Так в одном из писем поддразнивает он добрейшую старушку Евгению Петровну Майкову, которую очень любит и уважает. Перепишу и это письмо:
«Не знаю, как благодарить Вас, милостивая государыня Марья Федоровна, за присланный 24 июня восхитительный букет, несмотря на то, что к нему приложен был сарказм о нелюбви будто бы моей к цветам: Евгения Петровна около двадцати лет прибегает ко всевозможным средствам, чтобы извести меня, и чего-чего не делает для этого! По воскресеньям дает мне съедать от трех до двенадцати блюд, чтобы я погиб от несварения пищи; однажды отправила вокруг света в надежде, что я пропаду, а теперь вот действует посредством клеветы, но провидение, должно быть, за мою простоту и добродетель хранит меня от ее неистовых гонений! Если бы даже это была и правда, т. е. если бы я и не любил цветов, то такой букет помирил бы меня с ними.

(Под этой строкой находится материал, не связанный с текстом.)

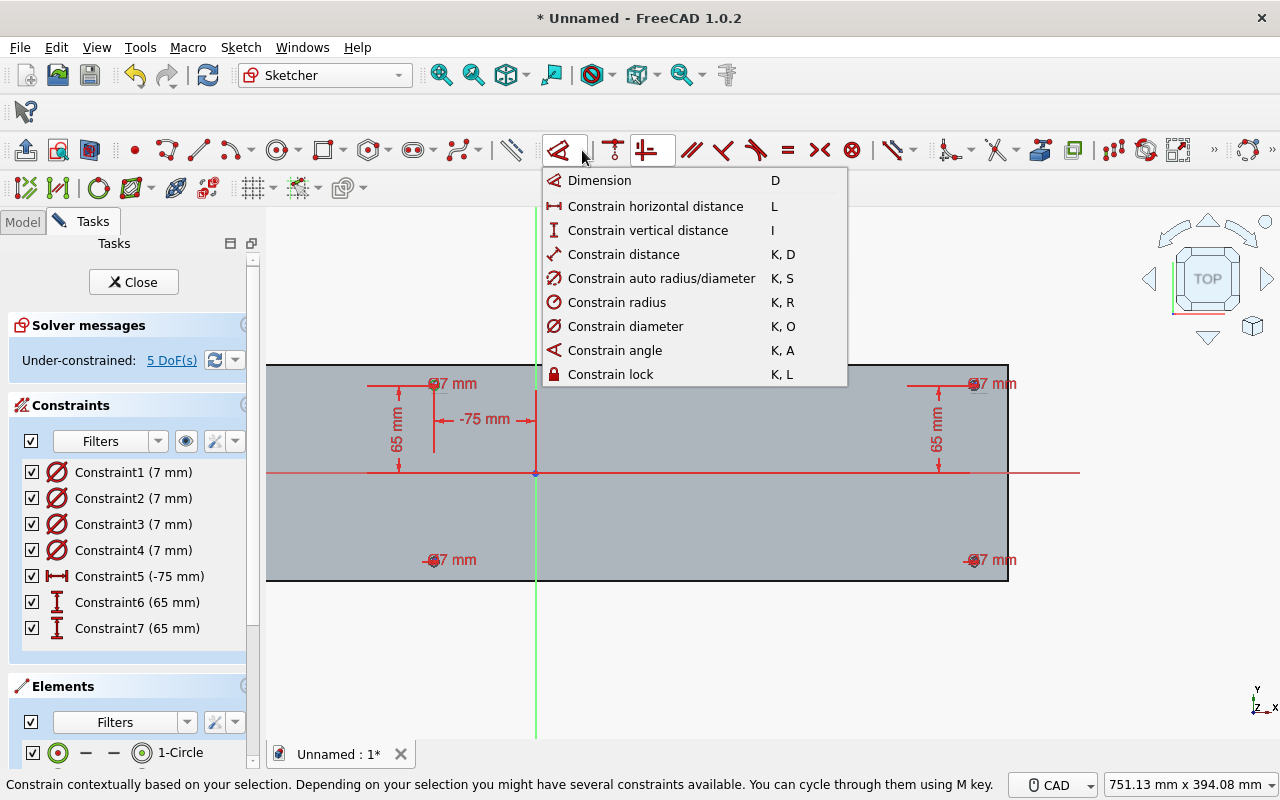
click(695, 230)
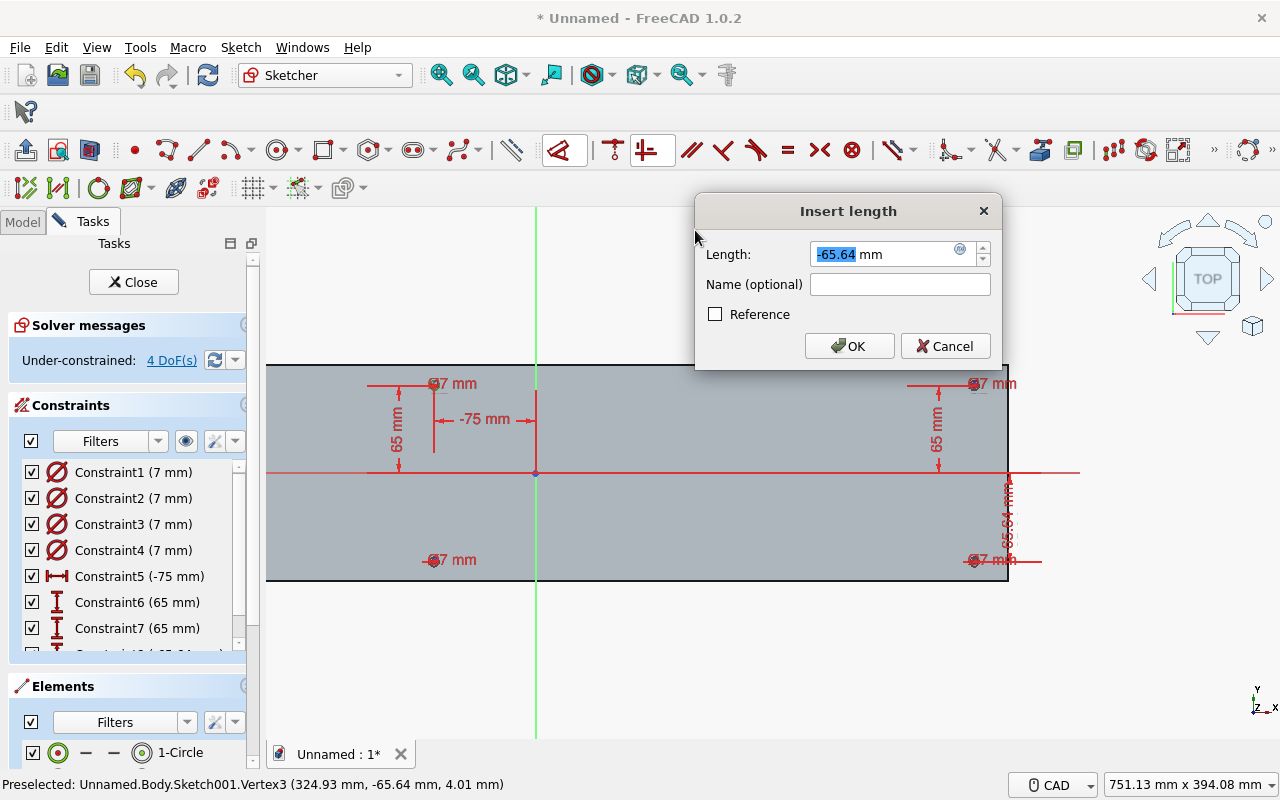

Поручение Ваше исполнил давно, т. е. прочел стихи Я. П. Полонского [219], но по крайней тупости моей мне только сегодня пришла мысль отправить их на Вашу городскую квартиру, с которою, вероятно, у Вас бывают частые сношения. Вот почему стихи не дошли до Ваших рук. В них нет ничего противного цензуре, выключая «Молитвы», которую я и отметил карандашом. На днях я встретился с Н. К. Гебгардтом и заключил с ним договор явиться в непродолжительном времени к Вам и лично поблагодарить за Ваше милое внимание. Прося покорнейше передать мой искренний поклон А. И., Е. А. и всем Вашим, честь имею быть и проч. И. Гончаров». 5 июля 1858 г.
Пятница, 15 апреля.
Кто-то из московских, не то Аксаков, не то Островский, сказал про Щербину:
Полухохол и полугрек,
Грек Нежинский, не Грек Милетский
Зачем, бессильный, злобой детской
Свой укорачиваешь век?
На это разъяренный Щербина поспешил огрызнуться:
Хоть Эллин я из Таганрога,
Но все ж я Грек, не сын рабов…
За нами в прошлом славы много,
К нам уважение веков…
У вас застенки, плети, клетки;
У нас свобода дел и слов;
И чем древнее ваши предки,
Тем больше съели батогов.
Как пошло!
Теперь достается от него Григорьеву Аполлону и Розенгейму. Много припасено у него про них всяких эпиграмм, запомнила две. Григорьеву:
Бесталанный горемыка
И кабачный Аполлон,
Весь свой век не вяжет лыка
И мыслете пишет он.
Розенгейму:
Жалки мне твои творенья.
Как германский жалок сейм;
Тредьяковский обличенья,
Стихоборзый Розенгейм.
Говорят, т. е. он, Щербина, сам говорил Полонскому, что все стихи свои пишет он сперва прозой и потом уж отделывает в стихотворную форму. Как это странно! Полонский говорит, что если бы он поступил так, т. е. стихотворение свое написал бы сперва в прозе, то оно прозой бы и осталось, что хоть убей его, а в стихи оно бы не вылилось, и накроить из него стишков он бы не мог; что него, да и у других поэтов, сколько известно, когда они творят, то наряду со смыслом творимого слышатся и его гармония, ритм, музыка стиха.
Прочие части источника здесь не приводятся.